Впрочем, я уверен был, что она позвонит – и скорее всего в тот же день. Она и позвонила – вечером. Разговор я записал на магнитофон. Как и впоследствии записывал: чтобы потом слушать, вспоминать. ПОТОМ. Понимаете меня?
А кого это я спрашиваю? Следователя, которому отнесу эту тетрадь? Или будущего психиатра? Или друга сокровенного, которому захочу покаяться? Или, упаси Бог, читателей, которым предложу все это в виде занимательного повествования? Или чертиков, которые мерещатся по углам? – но мне никакие чертики не мерещатся и не мерещились даже в ту пору, когда я допивался до тяжелых похмелий. Будем считать, что я себя спрашиваю – на «вы». Но зачем мне себя спрашивать, если и без вопроса знаю ответ?
ПОТОМ.
После шестнадцатого октября, после дня ее рождения.

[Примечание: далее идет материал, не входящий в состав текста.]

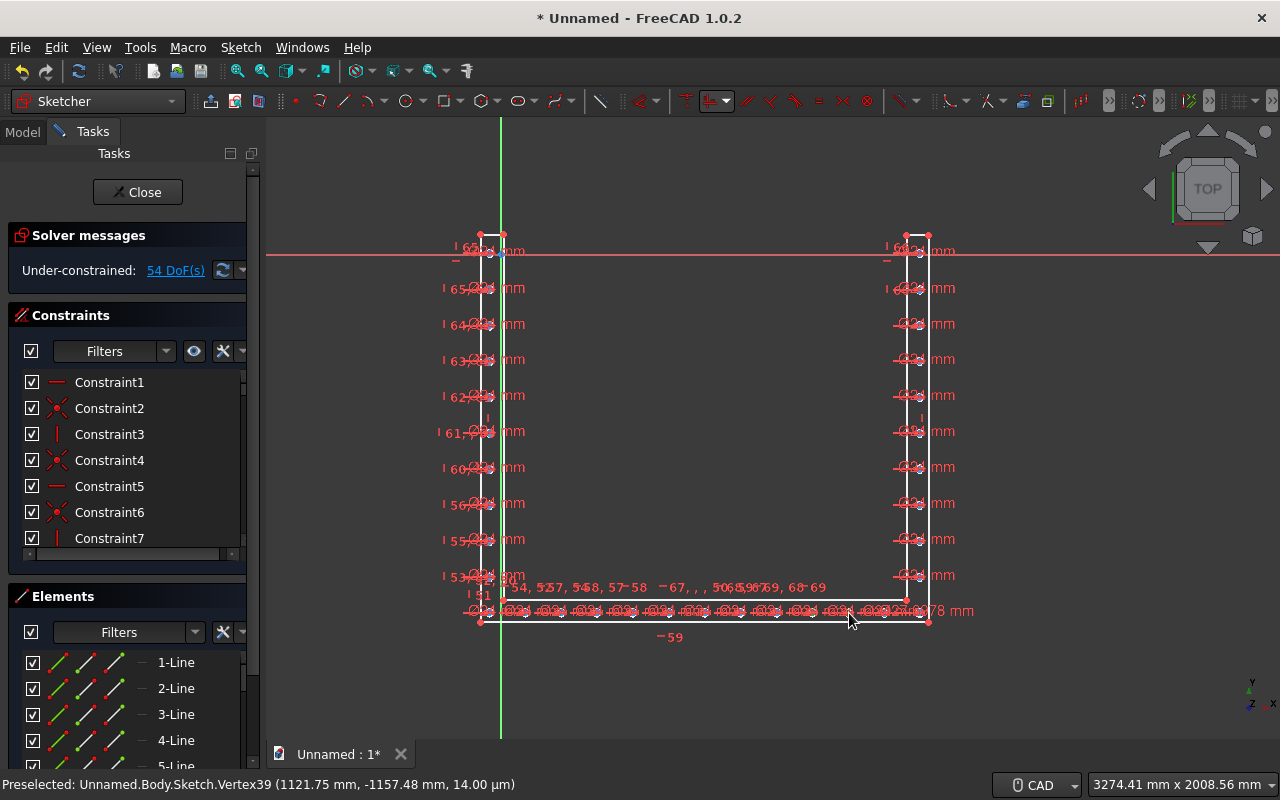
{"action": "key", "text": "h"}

Естественно, она сказала, что звонит в последний раз и только для того, чтобы выразить возмущение по поводу моего поведения, по поводу того, как я вел себя по отношению (волнуясь, она выражалась довольно коряво) к замечательному человеку Александру Сергеевичу Петрову, подобных которому она не встречала всю свою жизнь, да еще позволил (это я, а не Александр Сергеевич) высказать грязные предположения по поводу их взаимоотношений, в то время как, кроме деловых контактов, тут ничего нет и быть не может.

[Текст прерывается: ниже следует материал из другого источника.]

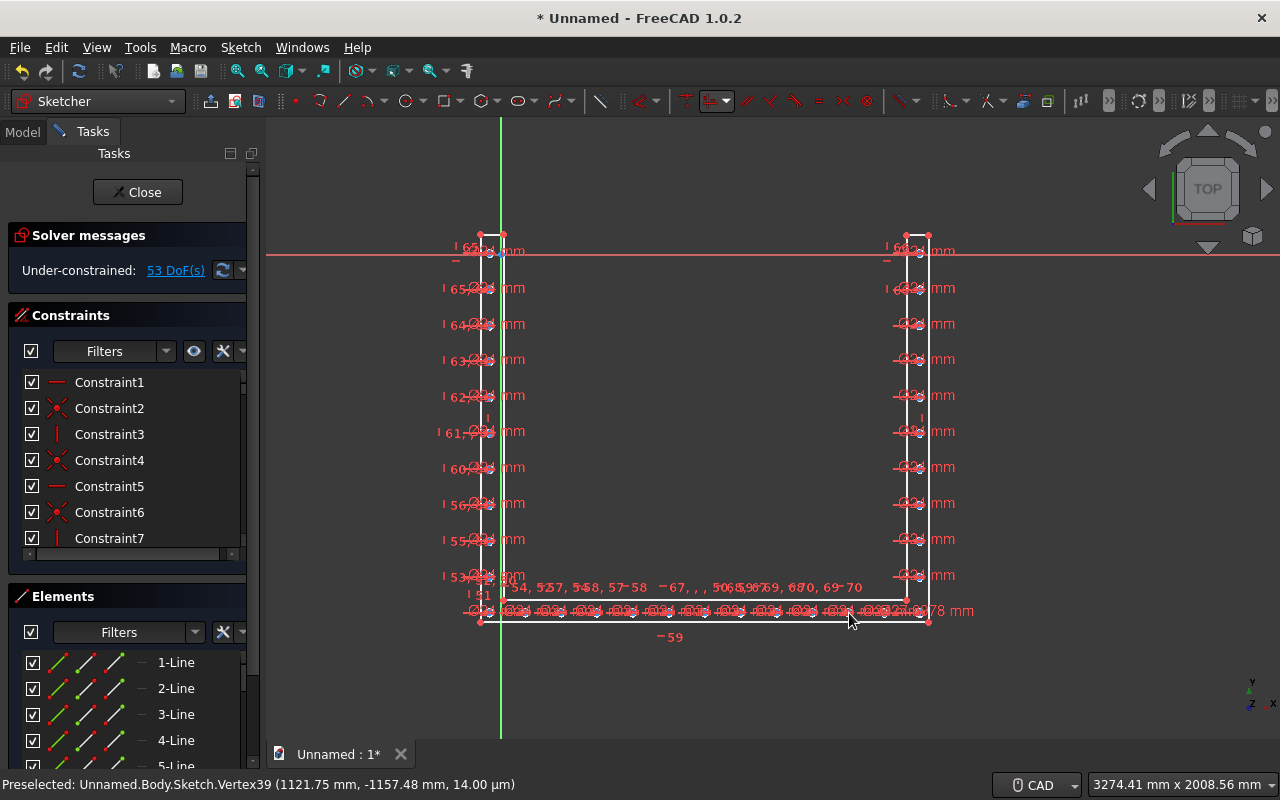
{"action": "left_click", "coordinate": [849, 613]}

– Во-первых, – сказал я, – что погорячился – признаю. Но грязных предположений не делал. Пошлые, убогие – но не грязные. И сам же в них, если помните, усомнился. Во-вторых, зачем вы оправдываетесь?
– Я – оправдываюсь?
– Не только оправдываетесь. Вы говорите неправду.
– Что?!
– Положим, у вас к нему отношение как к учителю, как к старшему товарищу. А у него к вам? Или я слепой и глухой? Я не такой чуткий, как Александр ваш Сергеевич (хотя то, что он убийца – вы слышите меня? – угадал!), но понять его отношение к вам вполне могу. Скажите еще раз неправду. Это ведь легко.
– Ну, пусть так, – сказала она после паузы – не мхатовской, как у меня, и не тугодумной майорской, как у Петрова, а после паузы женской – когда за полминуты решается вопрос: продать близкого человека ради случайного красавца или не продать. Вопрос, насколько я знаю женщин, всегда решается в пользу красавца. (О том, что я красавец, говорю без хвастовства и кокетства. В году двенадцать месяцев. Зимой холодно, а летом тепло. В пятиэтажных домах – пять этажей. Я – красавец. Ряд равноправный.)

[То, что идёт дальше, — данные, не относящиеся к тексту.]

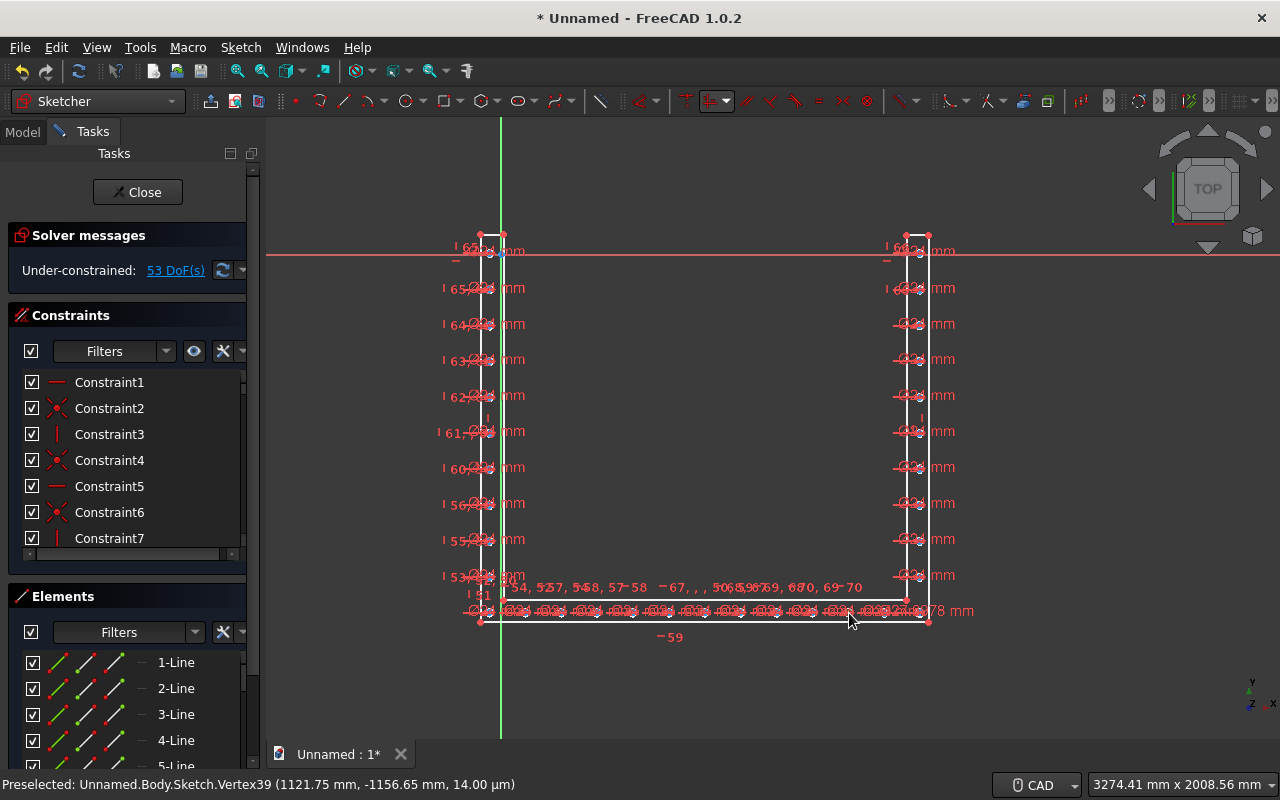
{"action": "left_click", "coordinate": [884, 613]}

– Пусть так, – сказала она наконец, – он действительно… Но он культурнейший, воспитаннейший человек, он ни словом, ни намеком…
– Извините – это до тех пор, пока он не чует соперника. В вашем курсанте он соперника не чуял – и молодец, и прав.
– Слушайте…
– Послушаю. Но дайте договорить, очень прошу. Во мне же он почувствовал соперника – и серьезного. Вот и взвился, вот и нарисовал меня каким-то сущим дьяволом. Представляю, что он еще обо мне наговорил!
– А вот и врете. И ни черта не понимаете в этом человеке! Он ни слова, клянусь, ни слова о вас не сказал.
– Неправда. Он должен был хотя бы сказать, что вот именно ни слова обо мне не скажет или что-то в этом роде.